We thank you for your review.

Reviewer 2 Report

The following comments have not yet been satisfactorily resolved. Below are the original comments, the authors’ responses and follow-up replies to those responses:

Major:

2. It should also be noted that the labels used in ClinVar do not necessariliy indicate variants that are of relevance to cancer, since they are defined in the context of specific Mendelian diseases. While a variant labled as ”pathogenic” is likely to imply that is can have a consequence on protein function, this does not necessarily imply that it is pathogenic with respect to cancer. ClinVar is not really intended for assessing the consequences of somatic variation. The of ClinVar labels to indicate the clinical significance of variants with respect to tumors in this manuscript is therefore misleading. It is better to investigate the frequencies of individual mutations in different cancer cohort, for instance by comparing with TCGA data in cBioPortal.

Author response: We apologized that we are not familiar with TCGA data in cBioPortal. However, our result achieved from NGS analysis was confirmed by ClinVar and further double-checked by COSMIC database to ensure such genetic aberrations have clinical significance in tumorgenesis.

Follow-up comment: Presence in COSMIC does not prove that the variants have clinical relevance in tumorigenesis.

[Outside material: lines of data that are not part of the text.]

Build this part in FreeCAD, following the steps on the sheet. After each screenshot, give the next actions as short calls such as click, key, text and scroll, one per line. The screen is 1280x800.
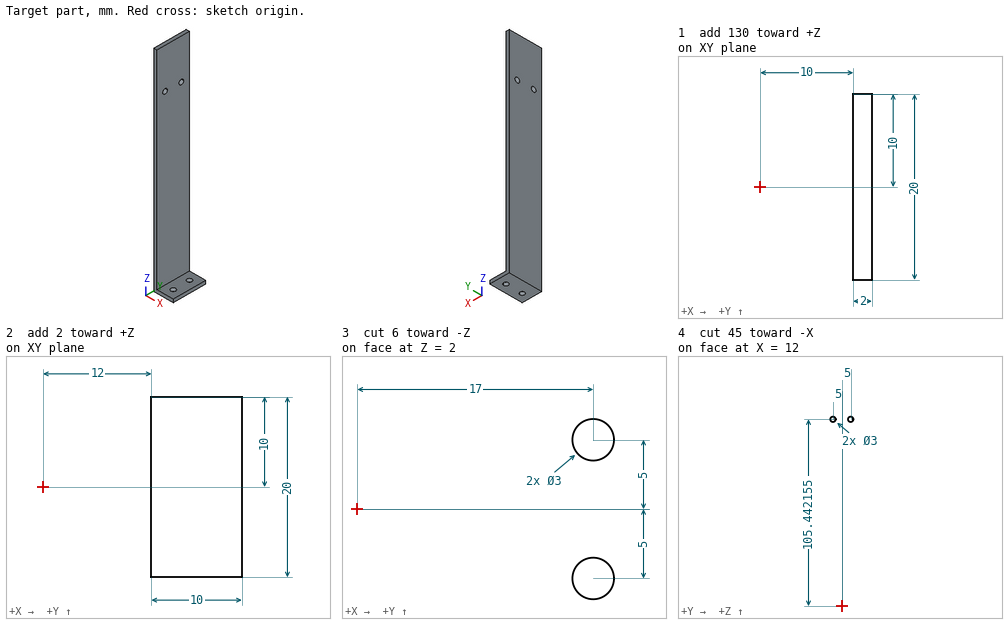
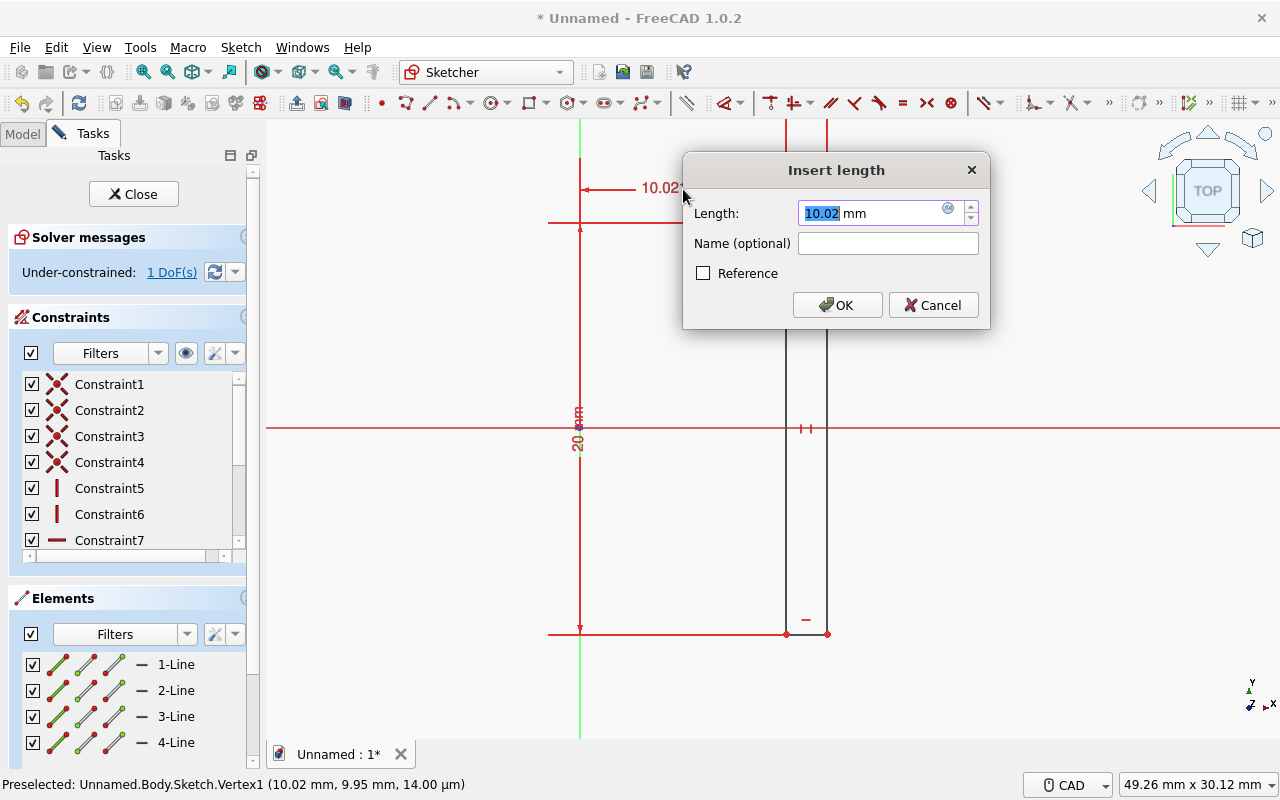
text(10)
key(Return)
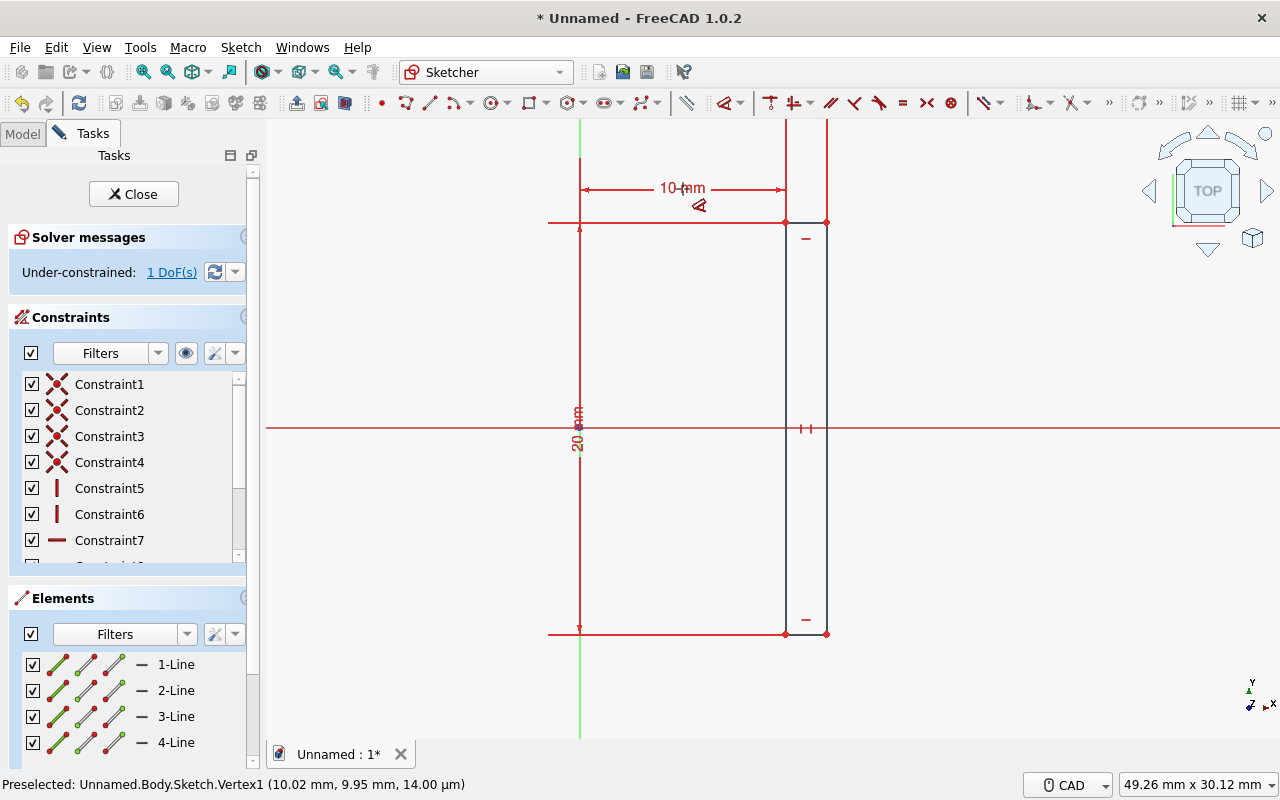
click(786, 223)
click(546, 325)
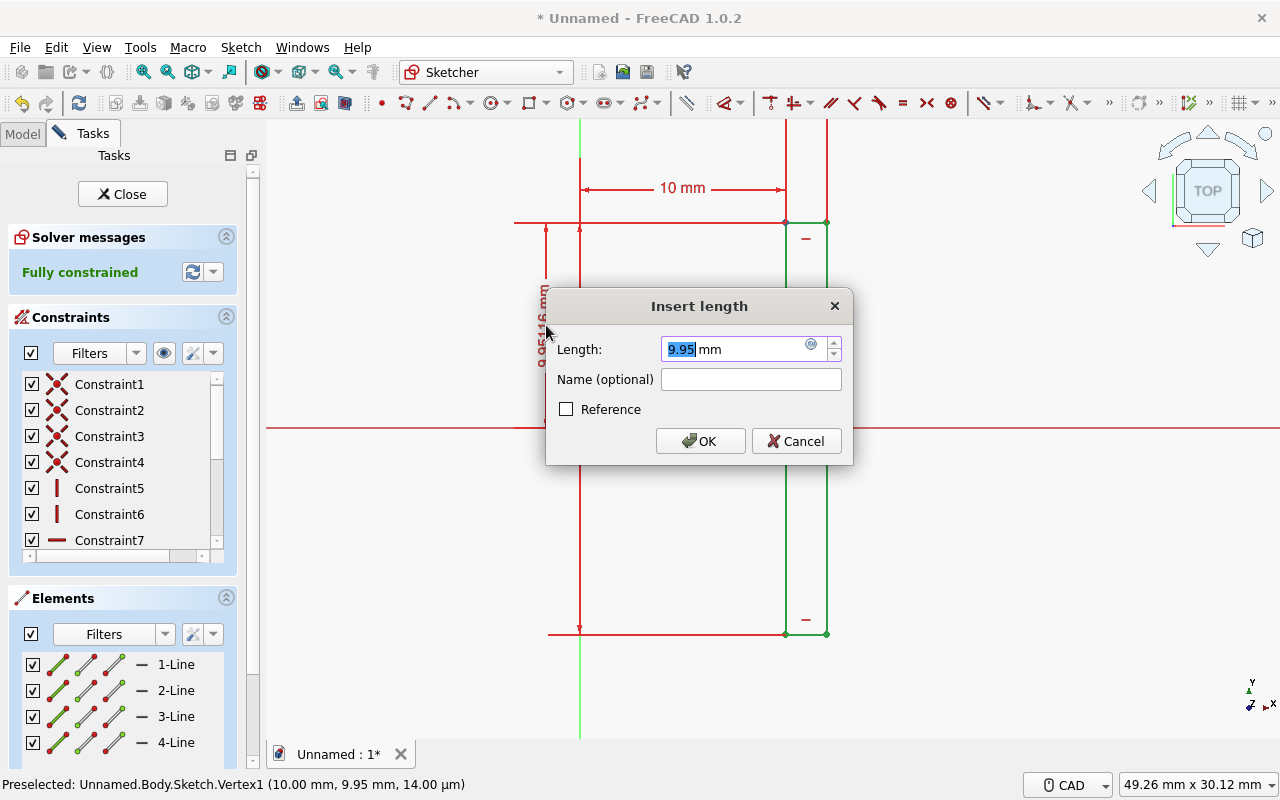
text(10)
key(Return)
key(Escape)

Many genes have at some point been found mutated in cancer and the vast majority are passenger events without consequence. The frequencies at which these mutations occur are what is relevant and this piece of information needs to be assessed in order to state that they are relevant to cancer. And, as mentioned, ClinVar labels are not necessarily relevant to cancer and the use of these labels as a basis for discussing the clinical significance of the variants is misleading.

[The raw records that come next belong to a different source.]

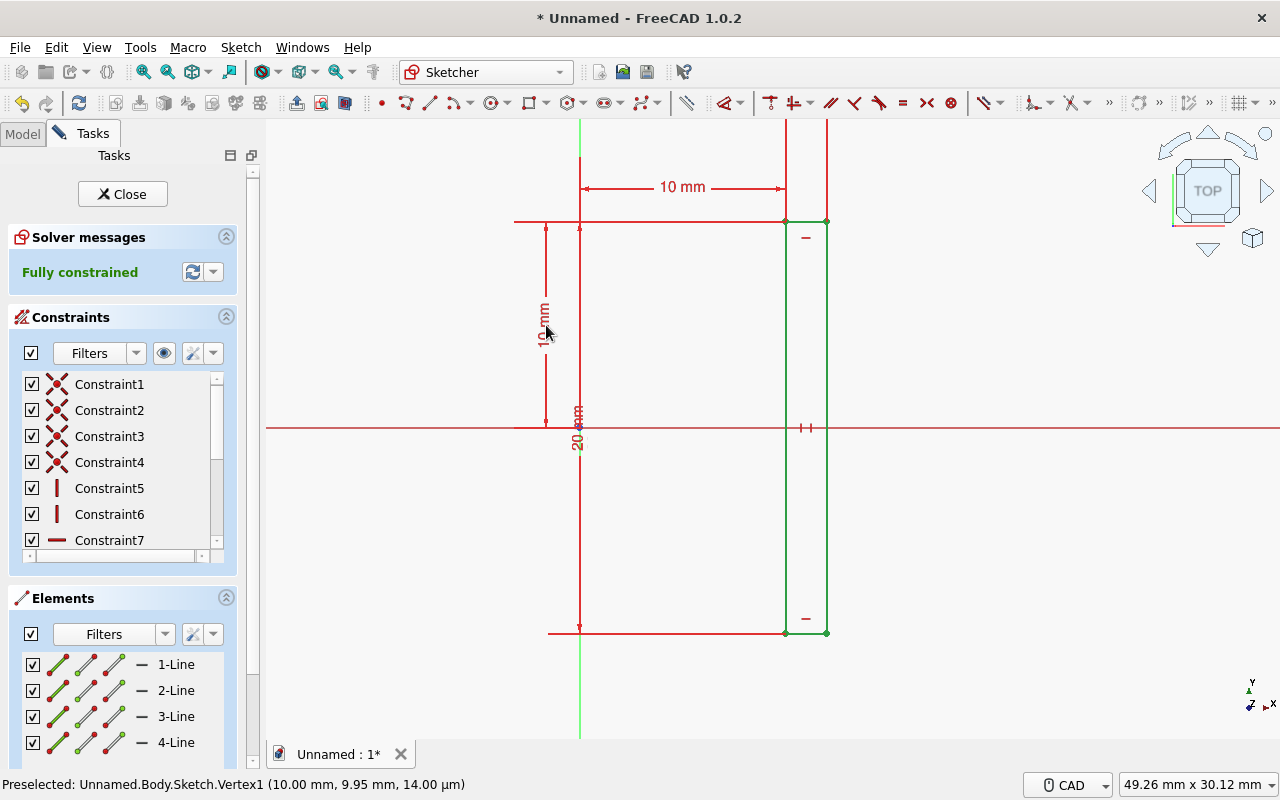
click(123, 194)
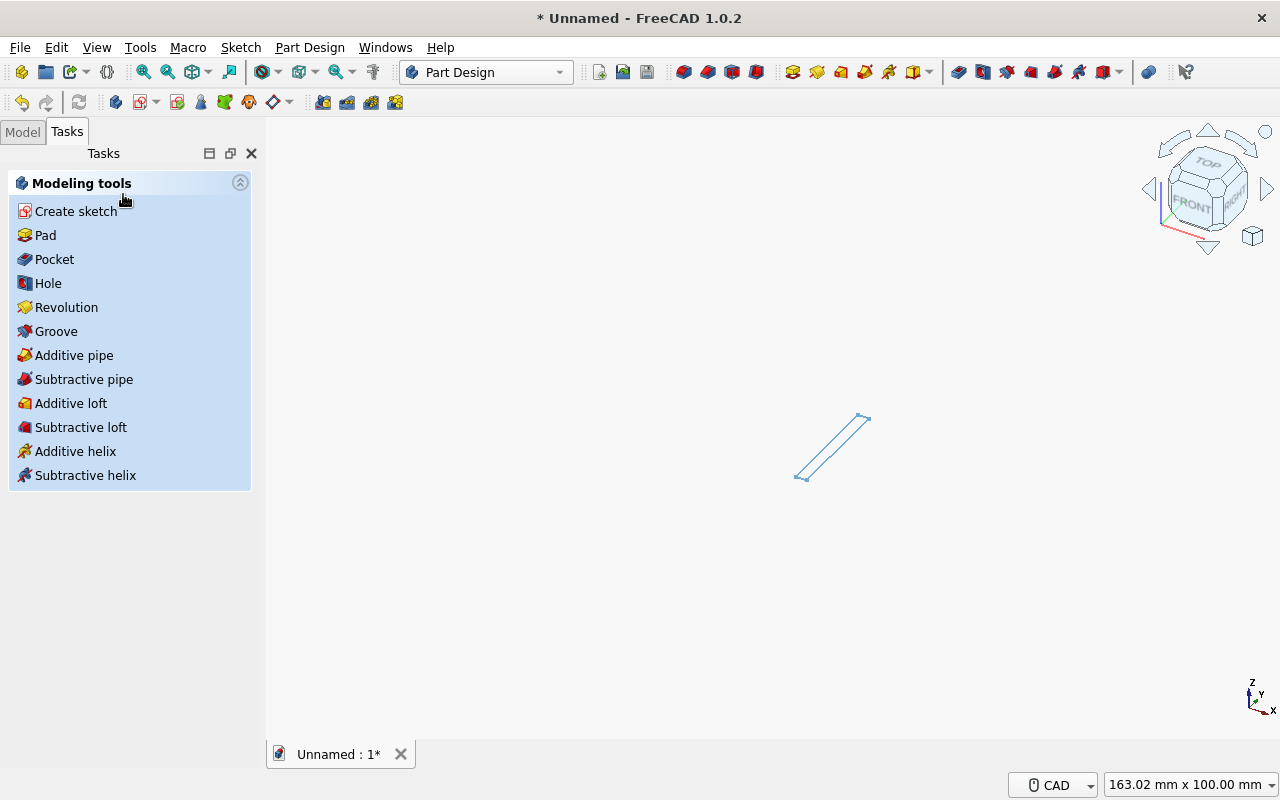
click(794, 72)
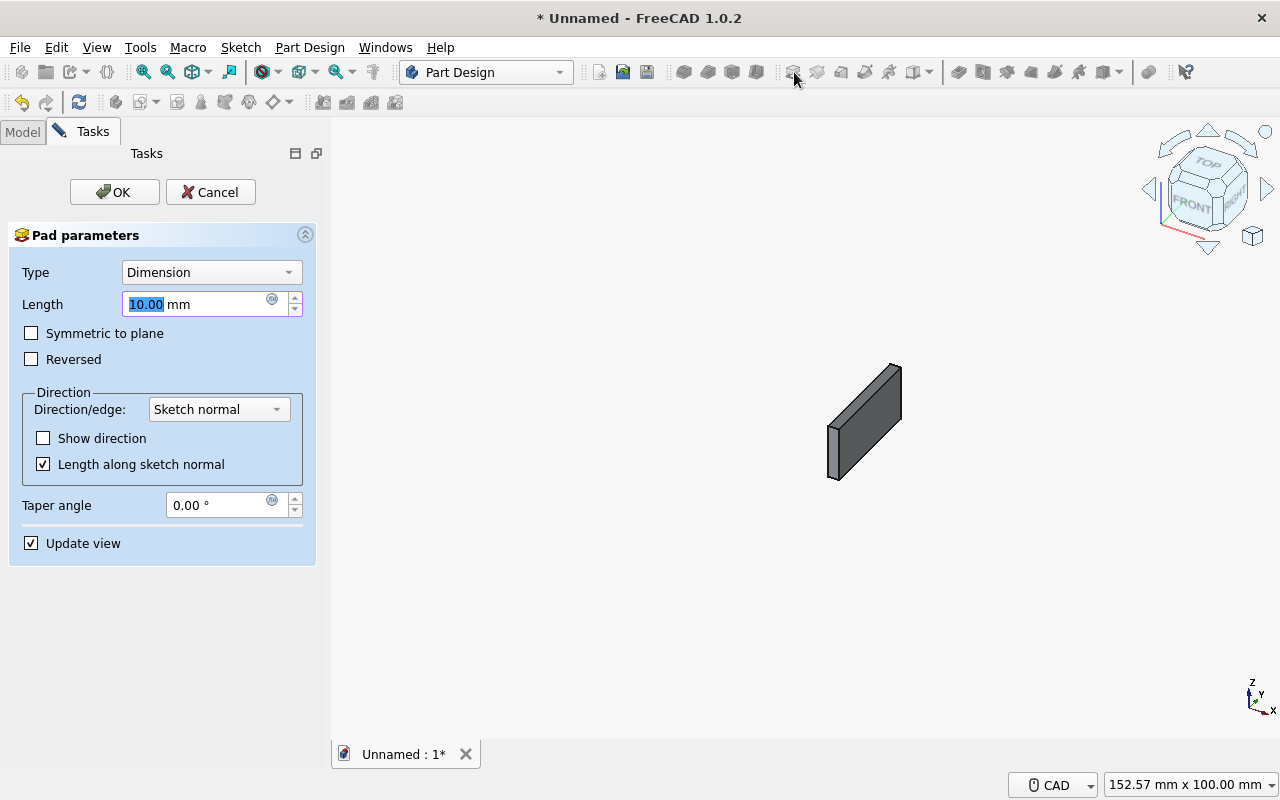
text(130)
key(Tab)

3. Since it appears that matching normal samples were not used for mutation-calling, the autors should compare the listed mutations to variants present in population databases, such as dbSNP, 1000 genomes and/or ExAC to assess whether they are likely to be somatic.

Author response: We agree with reviewer that we did not use normal matching samples for mutation calling. Nevertheless, we used gnomAD population database to compare the significance of each gene alterations which is included in our Archer NGS analysis system.

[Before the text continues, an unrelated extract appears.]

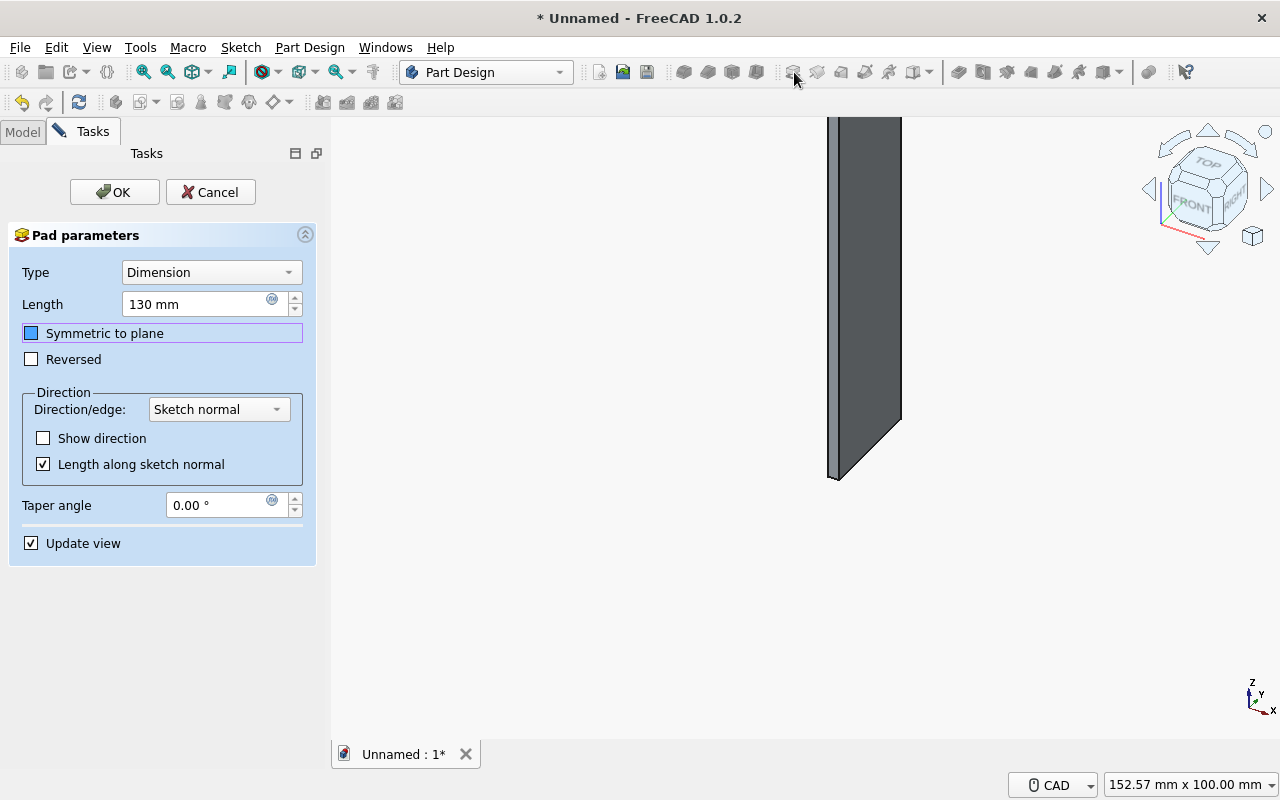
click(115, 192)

Follow-up comment: gnomAD is an acceptable database to compare with, but the criteria that were used to exclude variants present in gnomAD need to be described. A certain minor allele frequency? Binary presence in the database?

8-13 and 18. Follow-up comment: The authors’ have not provided the IHC stainings requested to support their statements. The brevity of a communications-style report is not an excuse if supplementary data can be included. To cite the “Instructions of authors” document: “In order to maintain the integrity, transparency and reproducibility of research records, authors must make their experimental and research data openly available either by depositing into data repositories or by publishing the data and files as supplementary information in this journal.”

Minor

17. Discussion: ”Following DNA isolation and successful sequencing from archived tissue samples a small set of gene variants was identified in the CAS cases but none in the CA or ACA cases, supporting the progressive nature of the former.” – Not necessarily. Given the small set of genes assessed, the other samples could easily have mutations in an entirely different set of genes that are not found in CAS and therefore follow a different evolutionary trajectory.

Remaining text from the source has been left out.